Schubert, composer of the Unfinished Symphony

Schubert, year 1823

One of the biggest and most exciting mysteries in classical music is the question why Franz Schubert never completed his “Unfinished Symphony.” We do know that the Music Society in Graz bestowed upon Franz Schubert an honorary diploma in 1823. To thank the Society, Schubert sent his friend Anselm Hüttenbrenner, a leading member of that organization, an orchestral score he had written in 1822.

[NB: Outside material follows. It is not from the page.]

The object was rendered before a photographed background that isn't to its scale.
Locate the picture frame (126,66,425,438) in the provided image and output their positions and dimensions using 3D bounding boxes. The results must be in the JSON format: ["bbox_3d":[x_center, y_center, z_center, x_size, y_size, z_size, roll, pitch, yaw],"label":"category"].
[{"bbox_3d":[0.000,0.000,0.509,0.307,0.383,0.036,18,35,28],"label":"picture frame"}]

 Anselm Hüttenbrenner, recipient of the score to the Unfinished Symphony

Anselm Hüttenbrenner

It consisted of two complete symphonic movements and the first two pages of the start of a Scherzo. The rest of the Scherzo was discovered after Schubert’s death, but the finale movement has never been found. One theory suggests that Schubert recycled the final movement in his incidental music for Rosamunde, but not everybody agrees. Other theories suggest that Schubert stopped work in the middle of the Scherzo because he associated it with his initial outbreak of syphilis. Even more puzzling is the fact that Hüttenbrenner never showed the manuscripts to the music society, and he certainly never had the work performed.

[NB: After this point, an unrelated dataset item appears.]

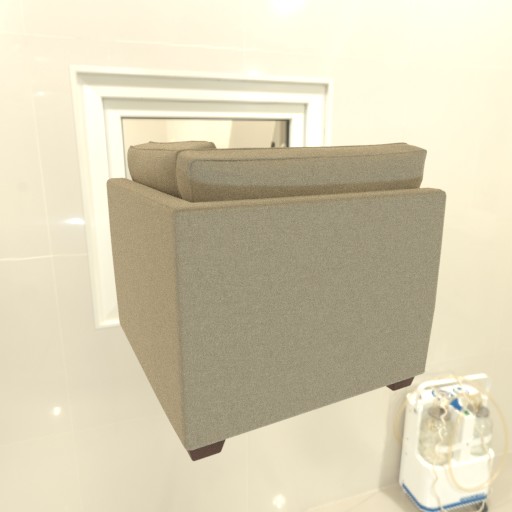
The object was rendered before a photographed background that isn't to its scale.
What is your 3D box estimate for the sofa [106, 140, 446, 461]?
[{"bbox_3d":[0.000,0.000,1.988,1.084,1.002,1.146,-7,16,-26],"label":"sofa"}]

Franz Schubert: “Unfinished Symphony,” completed by B. Newbould and M. Venzago
Johann von Herbeck, conductor who premiered the Unfinished Symphony

Johann von Herbeck

At the age of 76, Hüttenbrenner finally revealed the score to the conductor Johann von Herbeck. Herbeck was flabbergasted and premiered the two completed movements on 17 December 1865 in Vienna, while substituting the last movement of Schubert’s 3rd Symphony as the finale. The music critic Eduard Hanslick was in the audience and wrote, “When, after a few introductory bars, clarinet and oboe sound una voce a sweet melody on top of the quiet murmuring of the strings, any child knows the composer and a half-suppressed exclamation “Schubert” runs hummingly through the hall. He has hardly entered, but it is as if you knew his steps, his very way of opening the door… The sonorous beauty of both movements is enchanting.” Hanslick considered this symphony among Schubert’s most beautiful instrumental works. On the 100th anniversary of Schubert’s death in 1928, Columbia Records held a worldwide competition for the best completion of the “Unfinished,” and about 100 completions were submitted. The “Schubert Mystery” is alive and well and continues to inspire various theories and attempts at completion.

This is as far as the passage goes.